The Grattan Riggs dramatic season at the Opera House closed on Monday evening.
McLean's Young Australian Company has concluded a very successful fortnight's season at the Wellington Opera House, and are coming North overland.
Will's Surprise Party, which is said to be a very clever and compact little company, have closed a successful season at Christchurch.

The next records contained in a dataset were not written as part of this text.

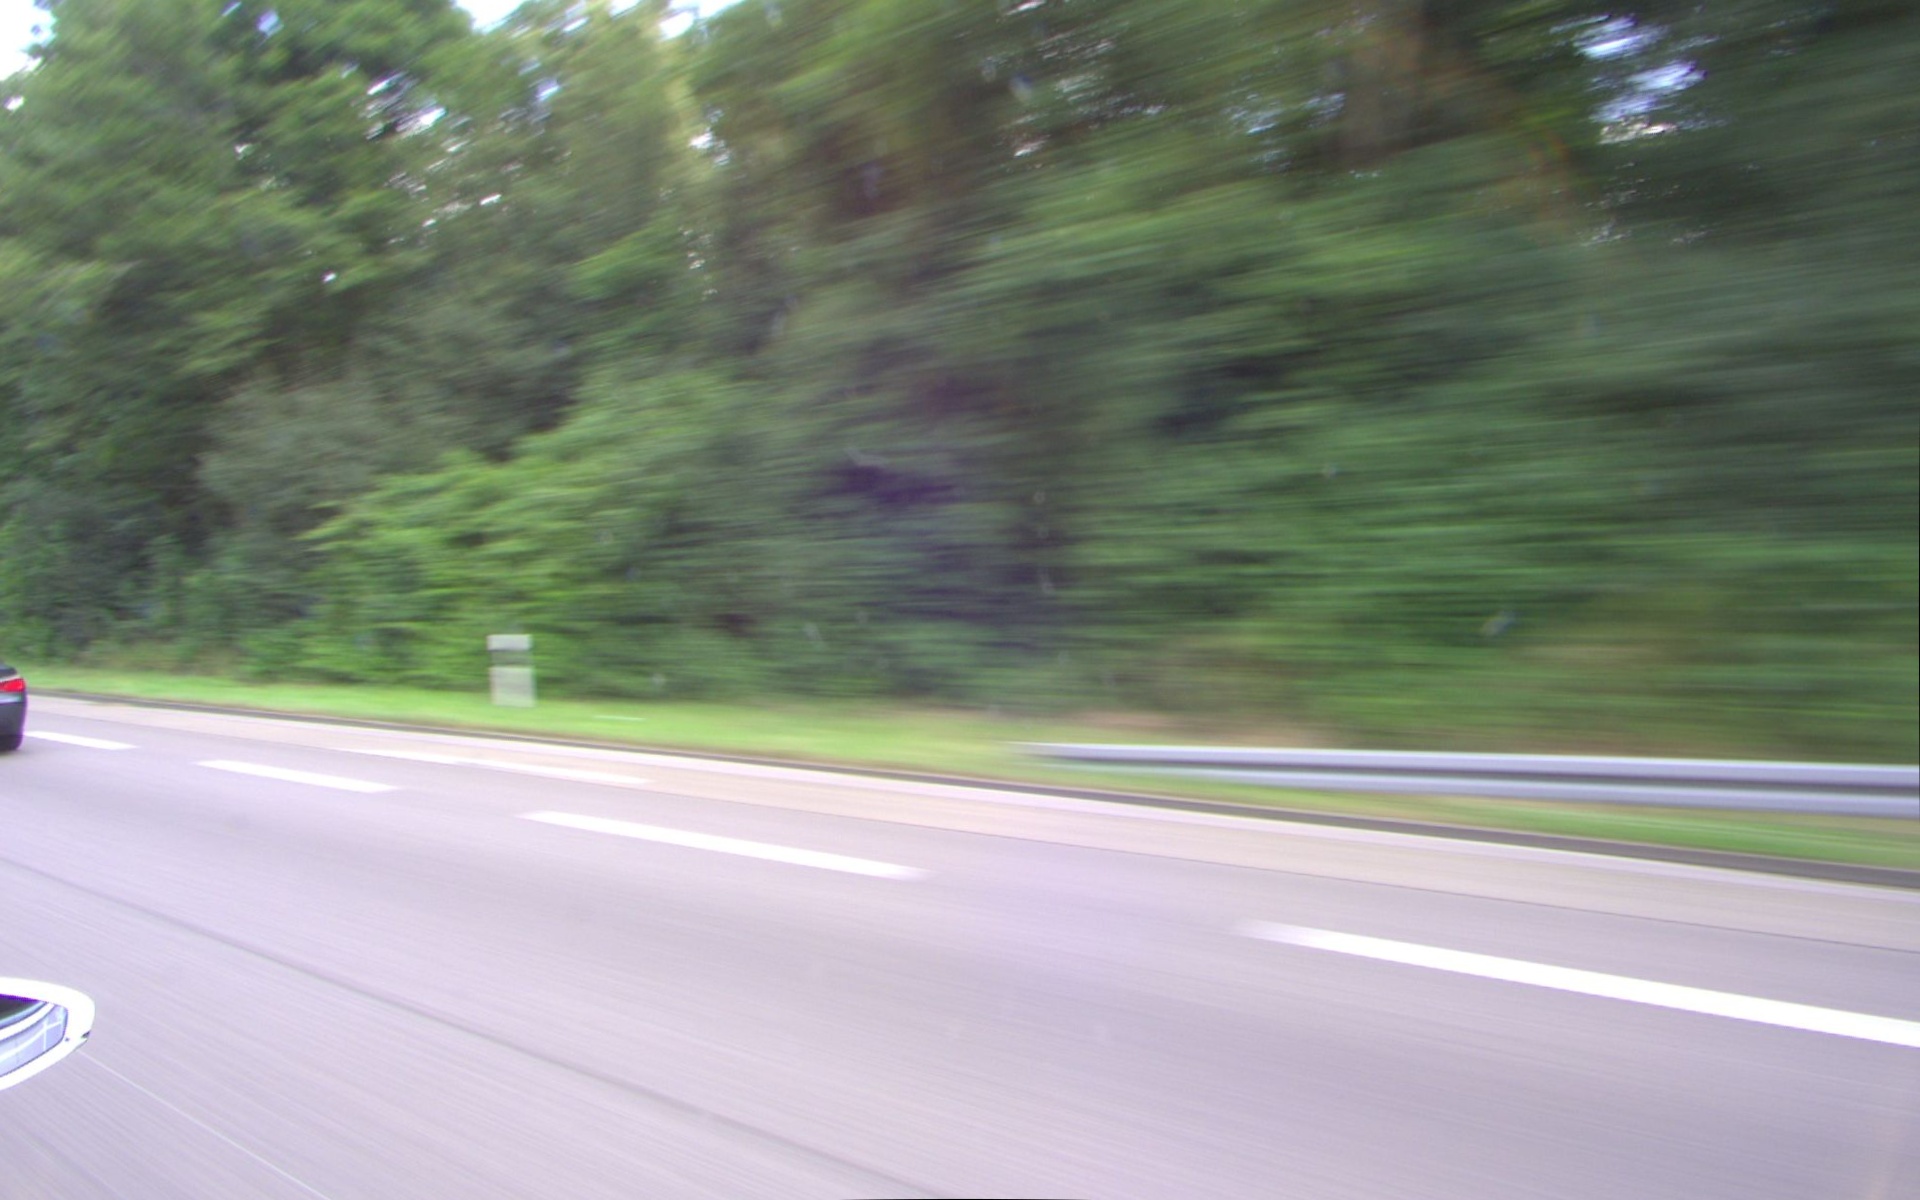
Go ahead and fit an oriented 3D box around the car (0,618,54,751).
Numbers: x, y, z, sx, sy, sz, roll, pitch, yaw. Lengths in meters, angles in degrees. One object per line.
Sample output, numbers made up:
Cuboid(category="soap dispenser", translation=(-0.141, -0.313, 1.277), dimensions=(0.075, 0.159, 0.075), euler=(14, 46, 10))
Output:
Cuboid(category="car", translation=(-13.054, 0.966, 12.194), dimensions=(4.810, 1.494, 1.771), euler=(-1, -2, 32))

Davy's Bright Lights have been doing a splendid business in Wellington, The company have reached its seventeeth week, and stillplays to good houses.
The Foli season concluded at Dunedin on the 3rd inst., and the company have appeared at Oamaru. They are now at Christchurch. They were accorded a most enthusiastic reception during the Dunedin season.
The Montague-Turner Opera Company is touring New South Wales.
The Alabama Minstrels, with Billy Emersion, the Prince of Minstrels, are appearing at the Garrick Theatre, Sydney, and are described as "a very clever company."
The Ovide-Musin Concert Company opened at Adelaide on August 23.
The Bland Holt Company are now playing "The Trumpet Call" in Adelaide. Miss Harrie Ireland has replaced Miss Kate Bishop, the latter lady returning to Sydney. They have had overflowing houses in the popular parts of the house, and partly good attendances in the dress circle.
Charles Friohman has engaged Lottie Collins, of "Tr-ra-ra-Boom-de-ay" fame, to appear in America from September 1st to the middle of December at a salary, it is said, of £250 a week.
The new building of the Royal College of Music will not be opened till next year, when it is hoped, the ceremony will be undertaken by the Queen.
An extraordinary concert-room phenomenon has appeared in San Francisco, in the person of a man named Kellogg, who warbles with his voice, which is of great power and richness, like a bird. It is stated that he has a peculiar throat formation, and that he has possessed the gift of bird-like song from childhood.

New Zealand Herald. Saturday September 17th 1892.